- Born: 8 August 1921 Srikakulam, Madras Presidency, British India
- Died: 28 May 2001 (aged 79)
- Citizenship: India
- Education: Andhra Medical College
- Scientific career
- Fields: Pathology
- Workplaces: All India Institute of Medical Sciences, Indian Council of Medical Research, Indian National Science Academy

= Vulimiri Ramalingaswami =

Indian pathologist

Vulimiri Ramalingaswami (8 August 1921 – 28 May 2001) was an Indian medical scientist, pathologist and medical writer. His pioneering research on nutrition got him elected to the National Academy of Sciences, Russian Academy of Medical Sciences and the Royal Society of London.

He was also the director of All India Institute of Medical Sciences and later on director general of Indian Council of Medical Research and President of the Indian National Science Academy. He was regarded a teacher of international repute in the areas of nutritional deficiency. He has been honoured with Shanti Swarup Bhatnagar Award. by Council of Scientific and Industrial Research in 1967 and Padma Shri in 1969, Padma Bhushan and Padma Vibhushan by Government of India, KK Birla National Award, and Basanti Devi Amirchand Prize (ICMR) in 1966. Leon Bernard Foundation Award was presented to him by Sir Harold Walter, president of the 1976 World Health Assembly.

==Early life==
He was born in a Telugu speaking family in Srikakulam, Andhra Pradesh to V. Gumpaswami and V. Sundaramma. His father was a government servant. He received his medical education from Andhra Medical College, Visakhapatnam and then went on a scholarship to Oxford.

He became the Director of the All India Institute of medical sciences(AIIMS). and served the premier institute for 10 years 1969–1979). He became the Director General of Indian Council of Medical Research, New Delhi. In remembrance of his great service, the Indian Government has decided to name the Indian Council of Medical Research building after him (Ramalingaswami Bhavan). He was also President of the Indian National Science Academy. He was Special Advisor to World Health Organization and President of National Institute of Immunology.

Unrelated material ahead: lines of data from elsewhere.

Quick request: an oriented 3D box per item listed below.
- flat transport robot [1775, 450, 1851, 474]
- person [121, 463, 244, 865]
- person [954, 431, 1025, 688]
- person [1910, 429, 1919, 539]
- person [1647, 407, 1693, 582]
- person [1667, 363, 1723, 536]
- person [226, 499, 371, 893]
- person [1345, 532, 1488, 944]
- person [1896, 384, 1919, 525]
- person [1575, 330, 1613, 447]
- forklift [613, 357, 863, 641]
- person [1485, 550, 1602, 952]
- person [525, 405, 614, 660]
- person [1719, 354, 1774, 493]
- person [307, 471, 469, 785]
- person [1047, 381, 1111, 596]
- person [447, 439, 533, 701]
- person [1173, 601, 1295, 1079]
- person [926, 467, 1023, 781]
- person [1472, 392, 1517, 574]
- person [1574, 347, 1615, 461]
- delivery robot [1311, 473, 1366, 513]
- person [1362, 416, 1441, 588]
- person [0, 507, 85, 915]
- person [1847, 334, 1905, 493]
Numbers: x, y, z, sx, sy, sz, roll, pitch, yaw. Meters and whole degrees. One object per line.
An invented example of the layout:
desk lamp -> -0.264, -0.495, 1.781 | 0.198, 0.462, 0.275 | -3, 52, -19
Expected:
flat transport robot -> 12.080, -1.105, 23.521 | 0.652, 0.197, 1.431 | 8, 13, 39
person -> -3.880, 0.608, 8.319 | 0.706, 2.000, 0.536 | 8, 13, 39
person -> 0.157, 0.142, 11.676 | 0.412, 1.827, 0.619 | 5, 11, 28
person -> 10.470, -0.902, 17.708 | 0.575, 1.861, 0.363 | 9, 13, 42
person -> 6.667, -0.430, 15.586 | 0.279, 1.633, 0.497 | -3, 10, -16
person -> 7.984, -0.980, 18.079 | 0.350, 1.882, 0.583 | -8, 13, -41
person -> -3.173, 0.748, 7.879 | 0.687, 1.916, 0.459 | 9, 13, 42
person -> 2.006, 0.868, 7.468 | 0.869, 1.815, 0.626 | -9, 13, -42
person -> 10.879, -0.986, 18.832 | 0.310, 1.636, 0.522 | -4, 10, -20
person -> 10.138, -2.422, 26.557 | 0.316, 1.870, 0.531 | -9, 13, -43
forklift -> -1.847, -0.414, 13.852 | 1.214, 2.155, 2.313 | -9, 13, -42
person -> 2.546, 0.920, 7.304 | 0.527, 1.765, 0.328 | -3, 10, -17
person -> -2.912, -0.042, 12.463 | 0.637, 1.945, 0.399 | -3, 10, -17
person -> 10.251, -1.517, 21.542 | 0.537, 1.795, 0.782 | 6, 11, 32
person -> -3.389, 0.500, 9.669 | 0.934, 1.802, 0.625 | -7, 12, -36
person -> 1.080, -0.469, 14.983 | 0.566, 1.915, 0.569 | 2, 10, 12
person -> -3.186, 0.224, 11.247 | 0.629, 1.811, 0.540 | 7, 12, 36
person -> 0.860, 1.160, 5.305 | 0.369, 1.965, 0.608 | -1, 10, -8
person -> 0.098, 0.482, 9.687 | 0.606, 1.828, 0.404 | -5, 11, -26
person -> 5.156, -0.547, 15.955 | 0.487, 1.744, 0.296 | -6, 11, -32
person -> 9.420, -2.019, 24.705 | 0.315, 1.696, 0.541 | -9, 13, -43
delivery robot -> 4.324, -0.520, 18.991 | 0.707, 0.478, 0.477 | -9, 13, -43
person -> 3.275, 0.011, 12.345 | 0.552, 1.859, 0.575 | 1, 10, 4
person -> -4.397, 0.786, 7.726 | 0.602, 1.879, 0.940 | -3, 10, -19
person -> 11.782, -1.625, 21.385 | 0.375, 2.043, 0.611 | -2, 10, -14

He has served as Chair of the International Task Force on Health Research for Development in Geneva (1990–93). He was Secretary-General of the International Conference on Nutrition, in Rome in December 1992. He was appointed to the Board of Governors of the International Development Research Centre (IDRC), Canada in 1999.

==Fellowships==
- Indian Academy of Sciences.
- Indian National Science Academy.
- National Academy of Medical Sciences.
- National Academy of Sciences, USA^{7}.
- Royal College of Pathologists (London), UK.
- Royal College of Physicians, UK.
- Russian Academy of Medical Sciences
- Royal Society of London, March 1986

==Selected publications==
1. Ramalingaswami, V. (1948). "Infantile pellagra; report on five cases"
2. Ramalingaswami, V. (1953). "The relation of deficiencies of vitamin a and of essential fatty acids to follicular hyperkeratosis in the rat"
3. Ramalingaswami, V., Sriramachari, S., and Patwardhan, V. N., Ind. J. Med. Sci., 8, 433 (1954).
4. Ramalingaswami, V. (1955). "Ocular structure in vitamin a deficiency in the monkey"
5. Ramalingaswami, V. (1961). "The aetiology of Himalayan endemic goitre"
6. Ramalingaswami, V. (1964). "Perspectives in Protein Malnutrition"
7. Ramalingaswami, V. (1969). "Interface of protein nutrition and medicine in the tropics"
8. Ramalingaswami, V. (1970). "Liver disease in India"
9. Ramalingaswami, V. (1973). "Endemic goiter in Southeast Asia. New clothes on an old body"
10. Ramalingaswami, V. (1977). "Knowledge and action in the control of vitamin a deficiency"
11. Ramalingaswami, V. (1988). "Waterborne Non-A, Non-B Hepatitis"
12. V. Ramalingaswami, Prevention of Micronutrient Deficiencies: Tools for Policymakers and Public Health Workers, The National Academies Press (1998).
13. V. Ramalingaswami, The Public health imperative of permanent elimination of iodine deficiency, 2000.